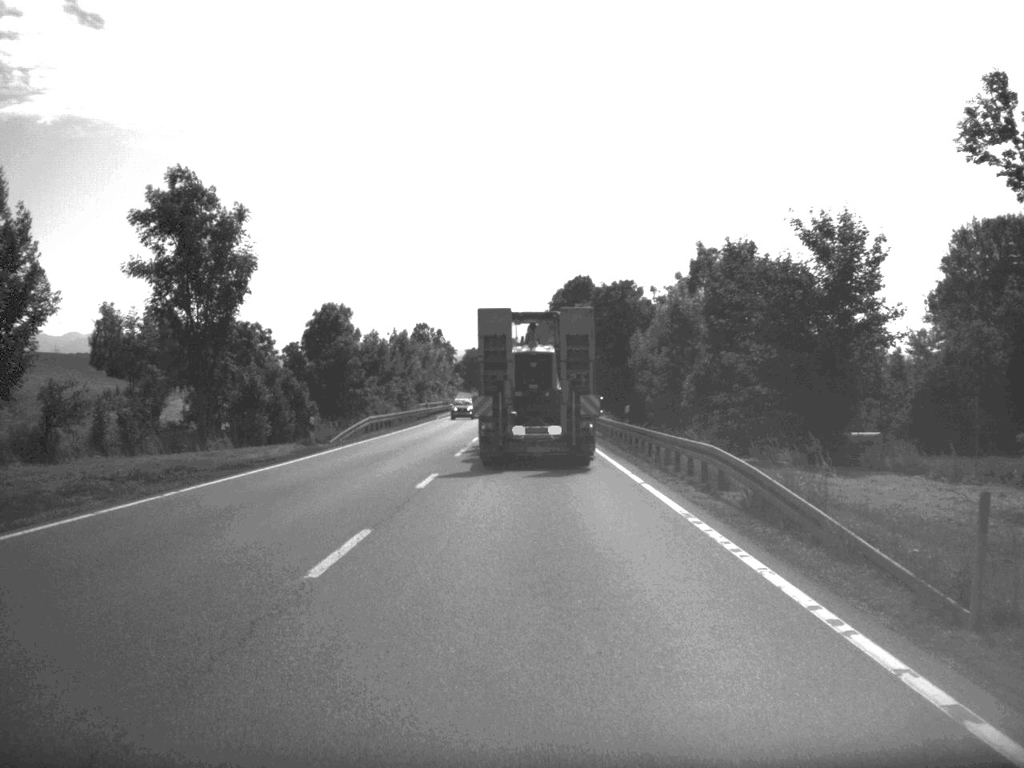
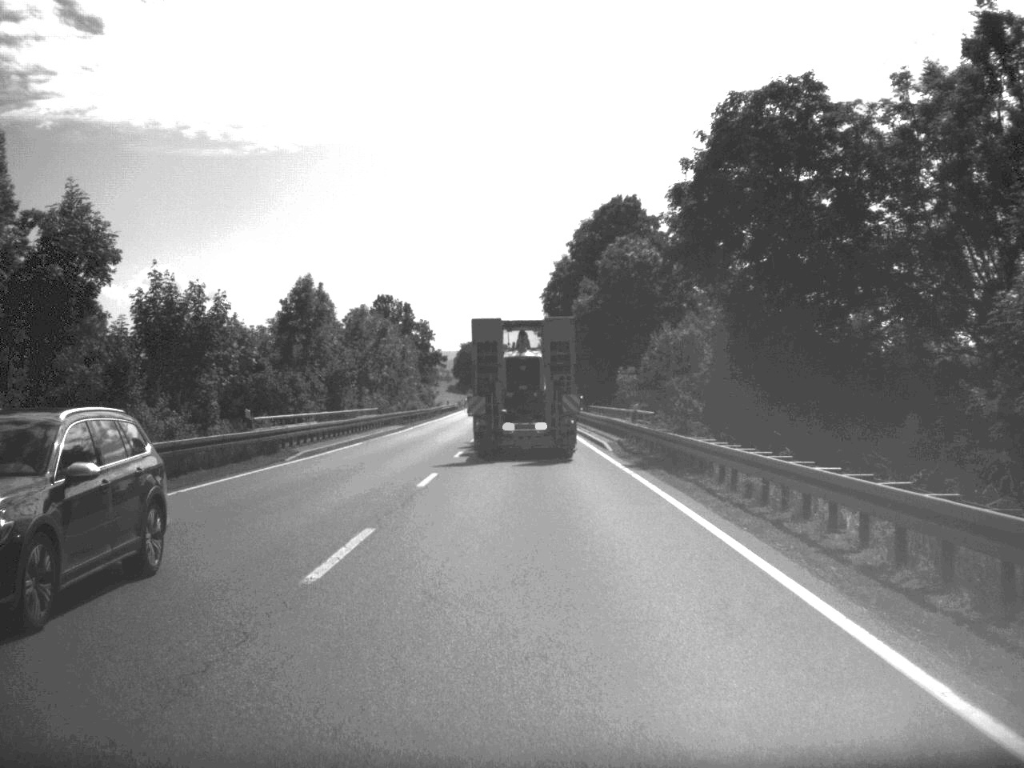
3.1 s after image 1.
(-0.2, +59.0) m; 0°
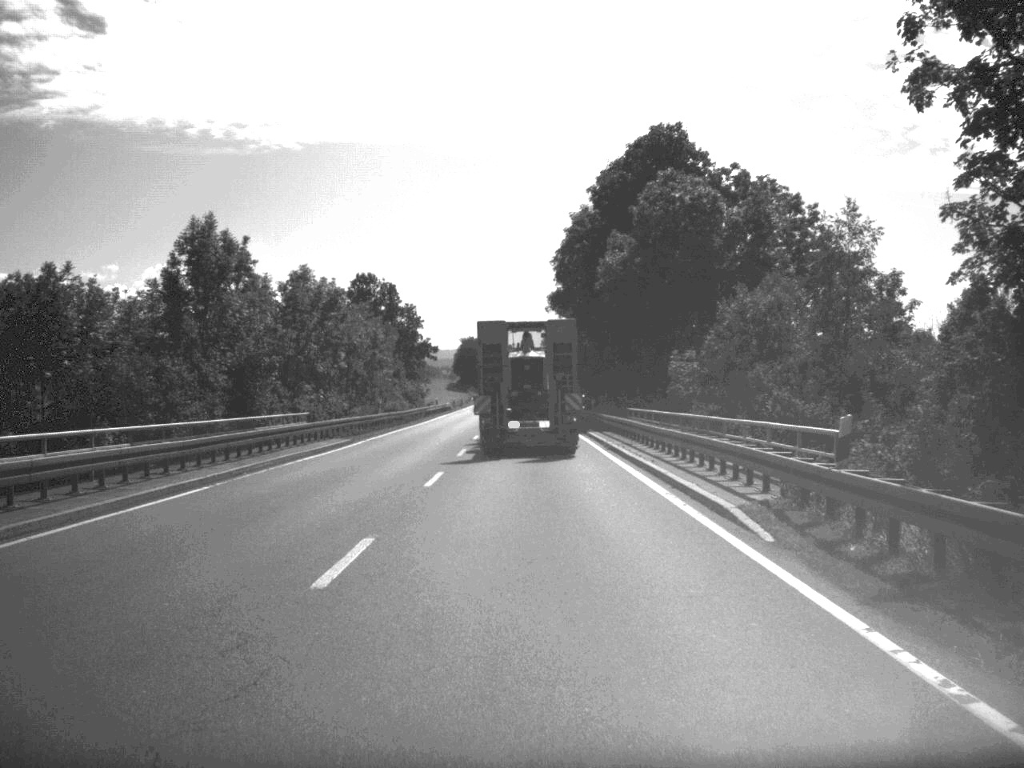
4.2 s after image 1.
(-0.1, +23.3) m; 0°
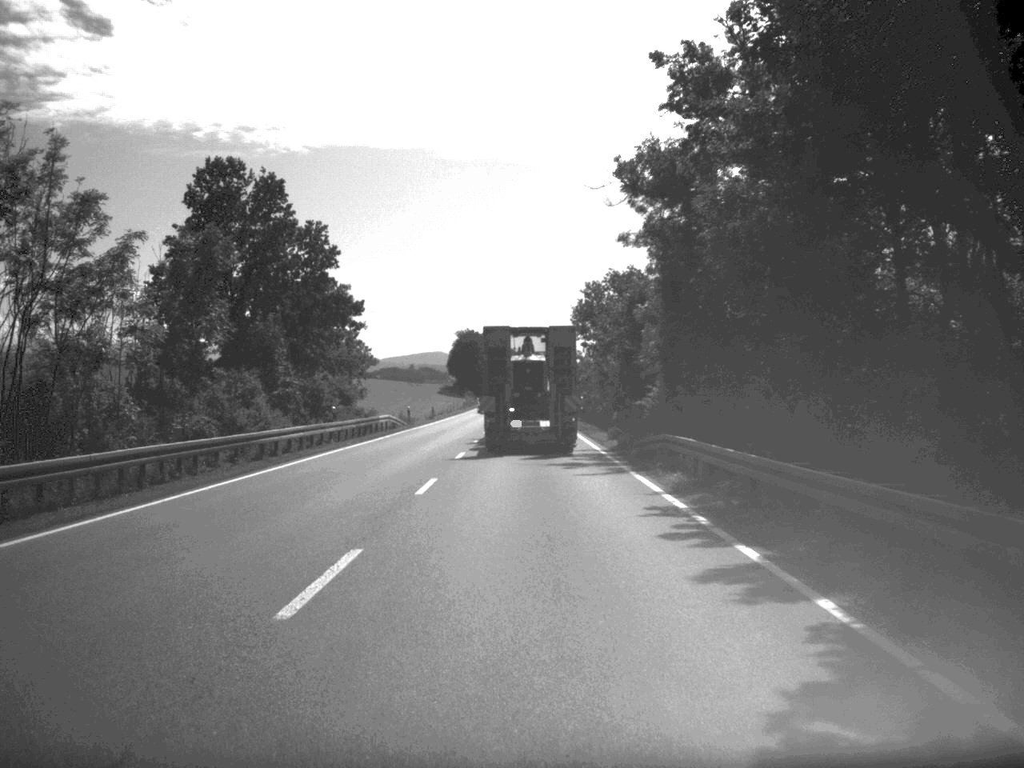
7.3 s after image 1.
(-0.3, +60.6) m; -1°
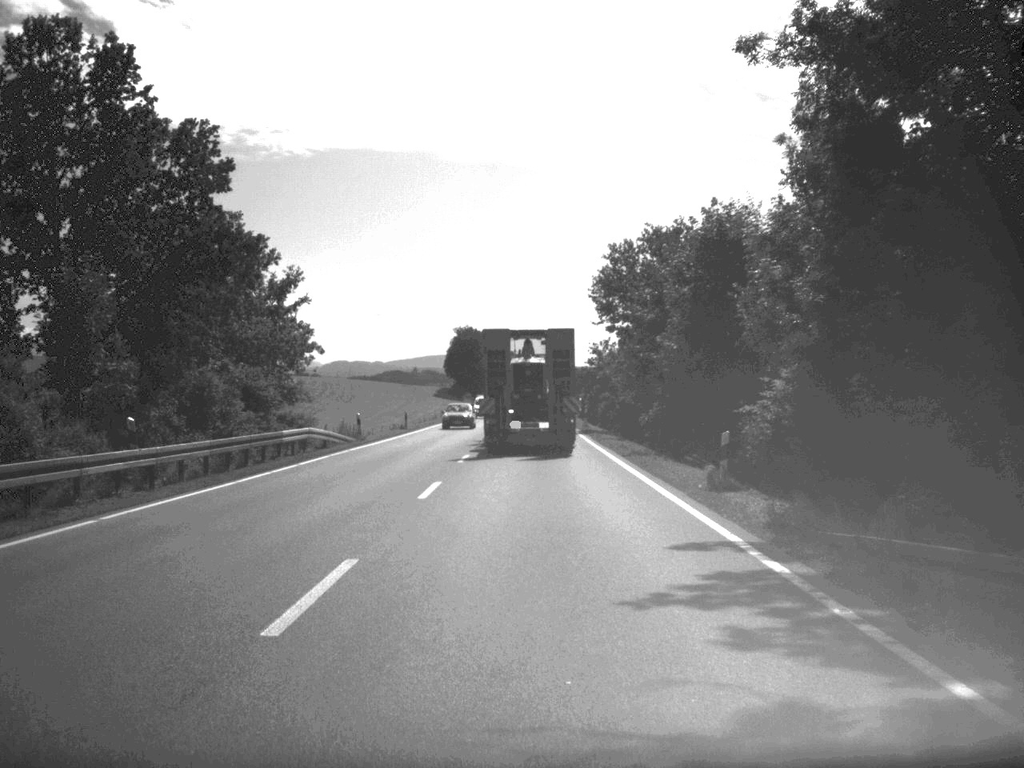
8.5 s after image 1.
(-0.1, +24.2) m; 0°
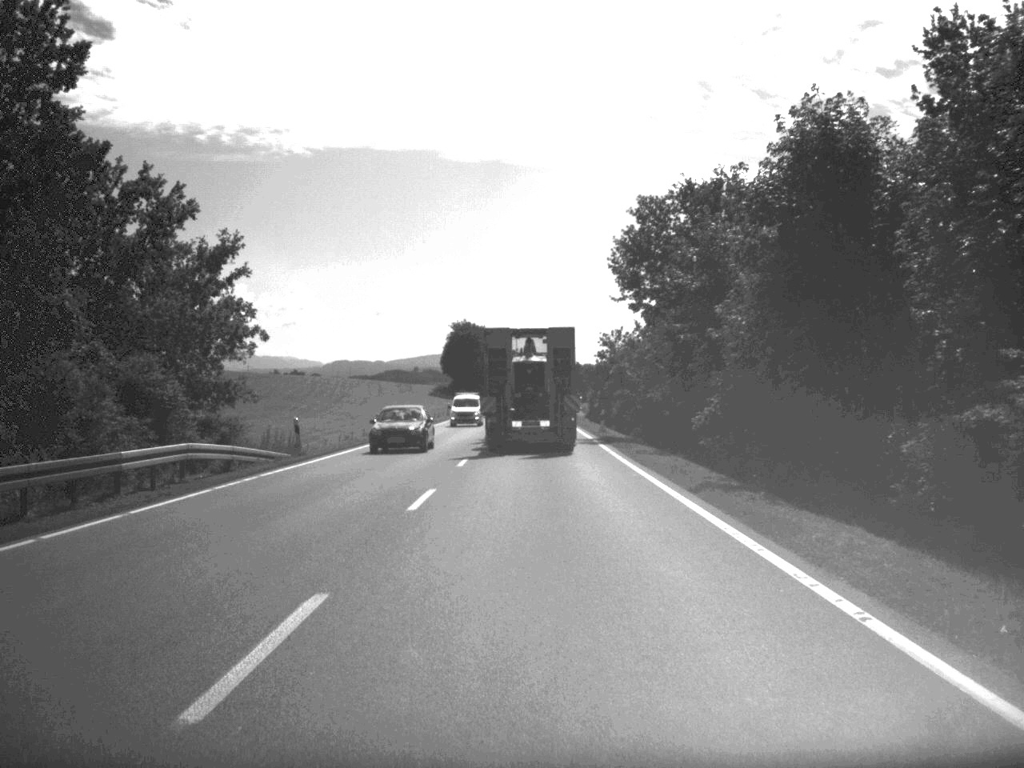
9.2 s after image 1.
(0.0, +14.1) m; 0°
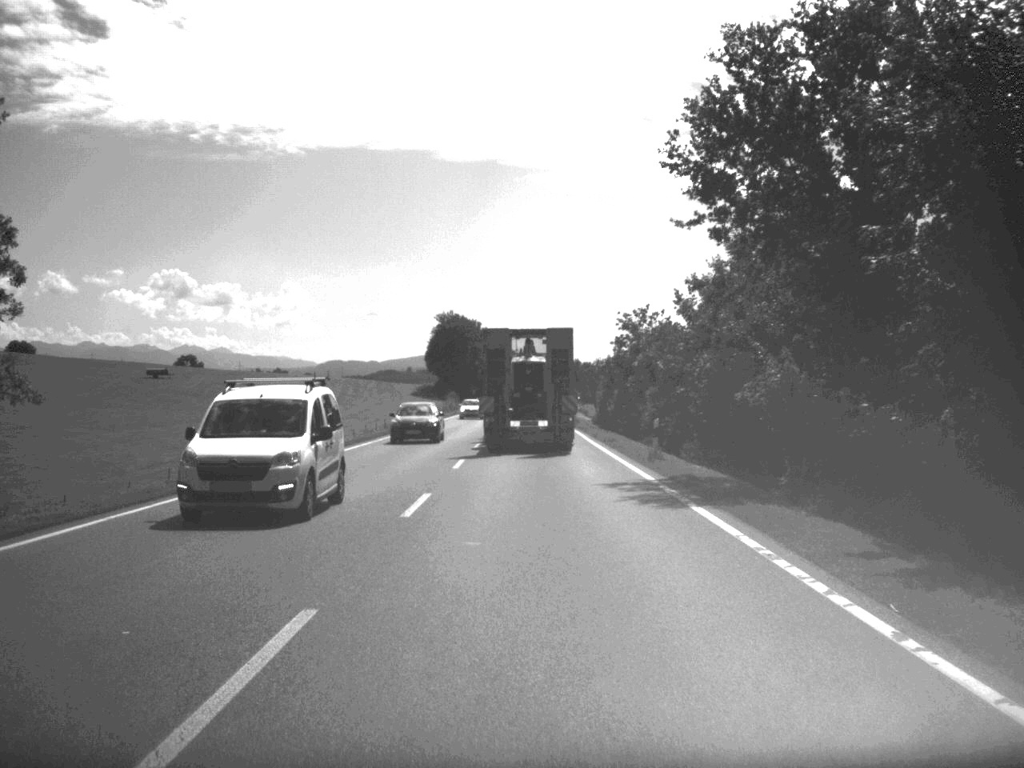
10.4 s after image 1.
(0.0, +24.3) m; 0°

#####

Each entry is to be given again exactly as it stands, with its pictures removed.

3.1 s after image 1.
(-0.2, +59.0) m; 0°
4.2 s after image 1.
(-0.1, +23.3) m; 0°
7.3 s after image 1.
(-0.3, +60.6) m; -1°
8.5 s after image 1.
(-0.1, +24.2) m; 0°
9.2 s after image 1.
(0.0, +14.1) m; 0°
10.4 s after image 1.
(0.0, +24.3) m; 0°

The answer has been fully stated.